De Gentse wereldprimeur die zelfs de lokale krant niet haalde

14 november 1968. Voor het eerst wordt met succes een long getransplanteerd. De verdienste van een team onder leiding van professor Fritz Derom van het Universitair Ziekenhuis in Gent. ‘Ik heb de medische wereld wakker geschud,’ zegt hij. In eigen land is de stilte echter oorverdovend.

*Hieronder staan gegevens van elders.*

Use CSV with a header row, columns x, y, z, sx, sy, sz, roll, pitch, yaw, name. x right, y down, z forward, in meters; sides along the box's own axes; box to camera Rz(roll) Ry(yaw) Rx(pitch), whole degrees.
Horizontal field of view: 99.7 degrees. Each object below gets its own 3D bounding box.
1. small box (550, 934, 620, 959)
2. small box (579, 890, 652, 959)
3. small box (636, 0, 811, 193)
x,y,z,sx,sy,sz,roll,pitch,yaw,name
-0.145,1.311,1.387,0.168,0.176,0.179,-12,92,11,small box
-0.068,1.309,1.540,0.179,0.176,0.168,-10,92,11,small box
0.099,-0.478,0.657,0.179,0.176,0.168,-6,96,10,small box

Volgens de Bijbel werd Eva gemaakt uit een rib van Adam. Als we breeddenkend zijn, zouden we dat de eerste geslaagde transplantatie uit de geschiedenis kunnen noemen, maar laten we ernstig en wetenschappelijk blijven, en een sprong maken naar begin vorige eeuw. In 1905 doet de Franse chirurg Alexis Carrel voor het eerst enkele pogingen om een nier te transplanteren. Afstotingsverschijnselen en infecties vormen echter een te zwaar obstakel. Carrel probeert het ook met een hart en met longen. Eveneens vergeefs, maar het levert hem wel een Nobelprijs op. In de jaren veertig slaagt de Russische chirurg Vladimir Demikhov er niet in om dierenlongen over te zetten, maar zijn proeven leveren wel zeer nuttige informatie op om de bloedtoevoer naar de hersenen tijdens de ingreep niet te onderbreken. In de vroege jaren vijftig wordt voor het eerst met succes een long getransplanteerd in een hondenlichaam. Het dier overleeft slechts enkele dagen.

‘Een chirurg is iemand die snel moet beslissen. Je kunt niet eventjes in de bibliotheek gaan kijken wat je moet doen’ Prof. dr. Fritz Derom

Dan is het wachten tot 23 december 1954. In het Peter Bright Brigham Hospital in Boston, Massachusetts, wordt met succes een nier van Ronald Herrick getransplanteerd naar het lichaam van zijn tweelingbroer Richard, een chronisch nierpatiënt. Die zal de ingreep acht jaar overleven. Chirurg is Joseph Edward Murray, die er in 1959 ook als eerste in slaagt een nier te transplanteren tussen genetisch niet-verwante personen en die, weer drie jaar later en ook weer in primeur, een nier van een net overleden persoon transplanteert. In 1963 wordt voor het eerst een lever getransplanteerd, in 1966 een alvleesklier. En dan is er natuurlijk dokter Christiaan Barnard, de flamboyante Zuid-Afrikaanse arts die op 3 december 1967 een nieuw hart geeft aan een patiënt. Die overleeft amper achttien dagen, maar een maandje later is de harttransplantatie bij ene Philip Blaiberg beter geslaagd, zoals we in januari in deze reeks uitvoerig belichtten.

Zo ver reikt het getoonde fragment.